* [Directions for this task]:
Line by line, repeat the material below exactly and skip the images.

.....

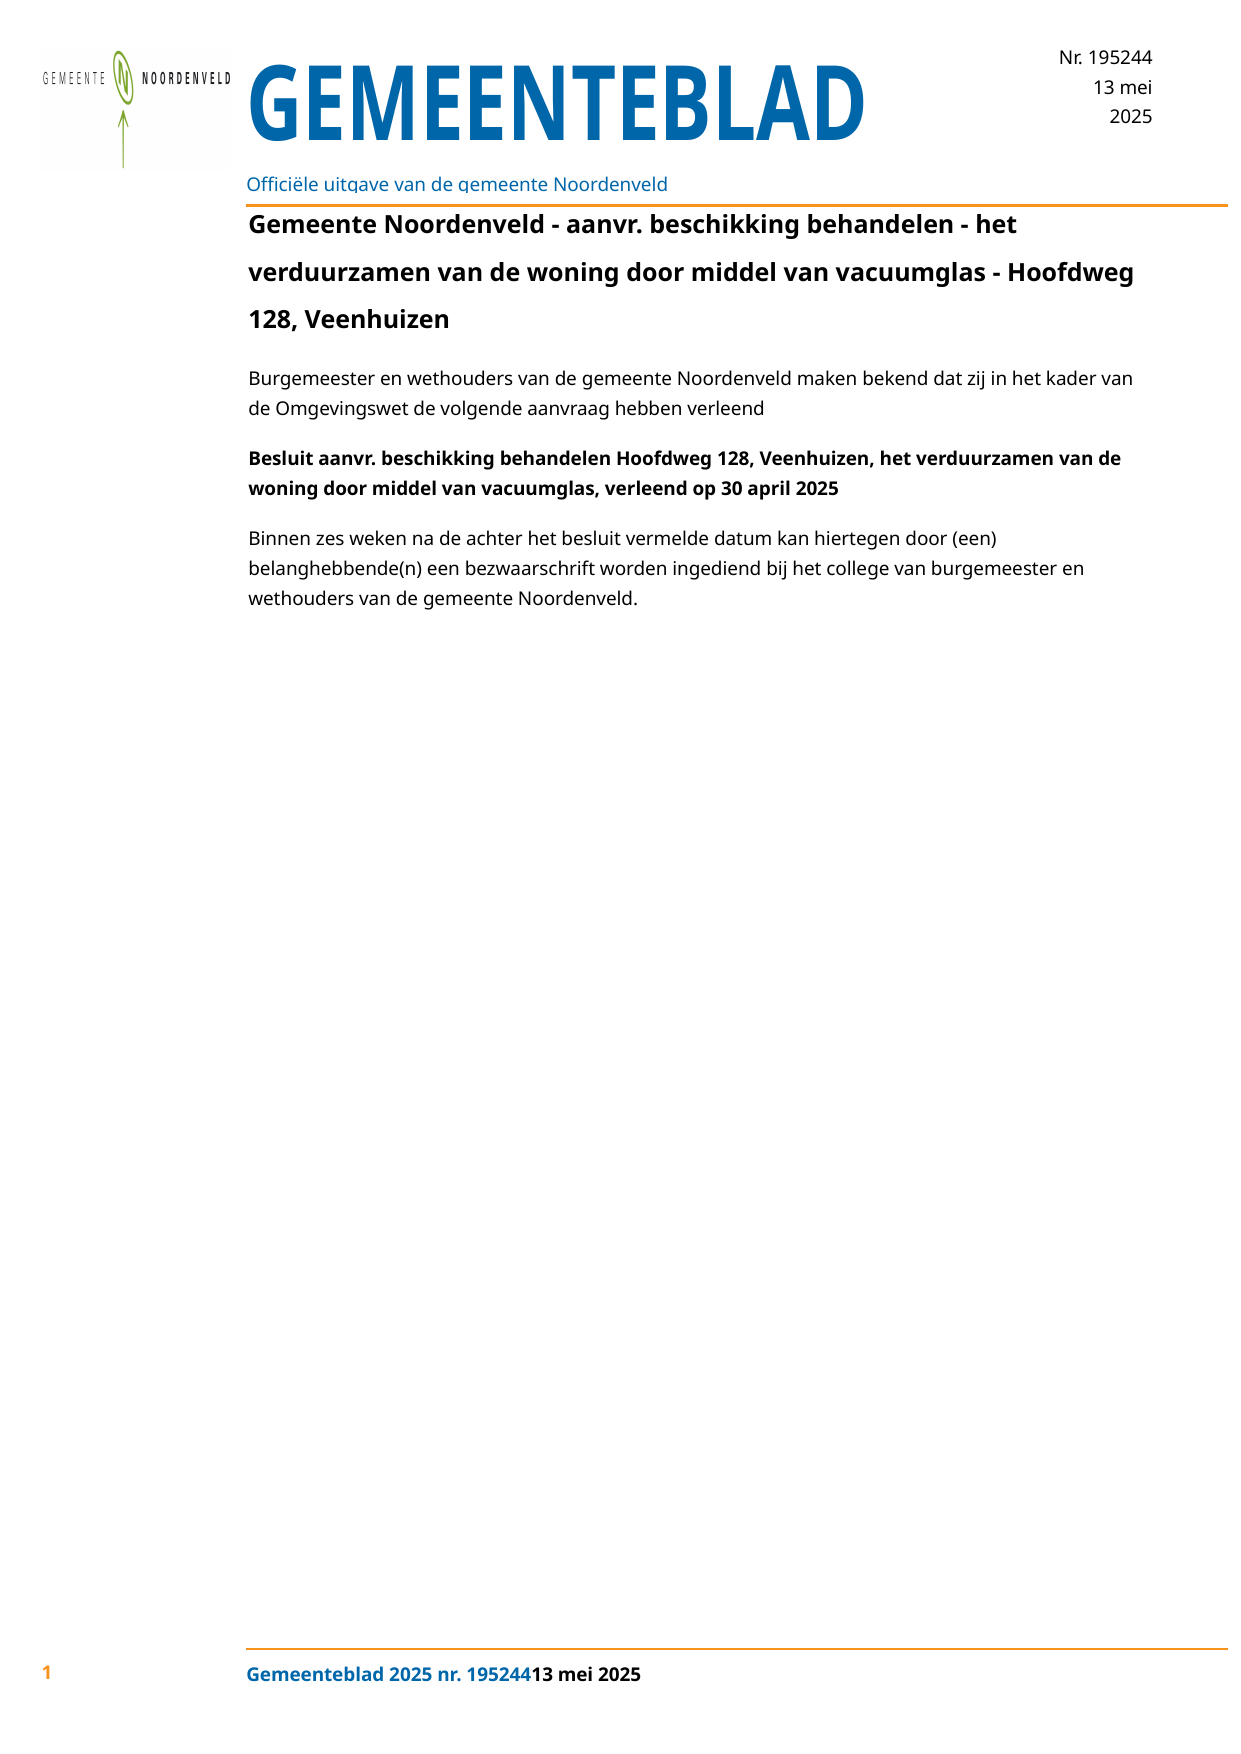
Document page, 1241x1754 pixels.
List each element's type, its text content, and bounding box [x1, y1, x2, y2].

text Besluit aanvr. beschikking behandelen Hoofdweg 128, Veenhuizen, het verduurzamen van de woning door middel van vacuumglas, verleend op 30 april 2025 [248, 446, 1152, 501]
text Binnen zes weken na de achter het besluit vermelde datum kan hiertegen door (een) belanghebbende(n) een bezwaarschrift worden ingediend bij het college van burgemeester en wethouders van de gemeente Noordenveld. [248, 526, 1152, 610]
picture [41, 47, 231, 172]
text Gemeente Noordenveld - aanvr. beschikking behandelen - het verduurzamen van de woning door middel van vacuumglas - Hoofdweg 128, Veenhuizen [248, 207, 1152, 336]
text Burgemeester en wethouders van de gemeente Noordenveld maken bekend dat zij in het kader van de Omgevingswet de volgende aanvraag hebben verleend [248, 366, 1152, 421]

.....

* [Your solution]:
Document page, 1241x1754 pixels.
List each element's type, its text content, and bounding box [x1, y1, x2, y2].

text Besluit aanvr. beschikking behandelen Hoofdweg 128, Veenhuizen, het verduurzamen van de woning door middel van vacuumglas, verleend op 30 april 2025 [248, 446, 1152, 501]
text Binnen zes weken na de achter het besluit vermelde datum kan hiertegen door (een) belanghebbende(n) een bezwaarschrift worden ingediend bij het college van burgemeester en wethouders van de gemeente Noordenveld. [248, 526, 1152, 610]
picture [41, 47, 231, 172]
text Gemeente Noordenveld - aanvr. beschikking behandelen - het verduurzamen van de woning door middel van vacuumglas - Hoofdweg 128, Veenhuizen [248, 207, 1152, 336]
text Burgemeester en wethouders van de gemeente Noordenveld maken bekend dat zij in het kader van de Omgevingswet de volgende aanvraag hebben verleend [248, 366, 1152, 421]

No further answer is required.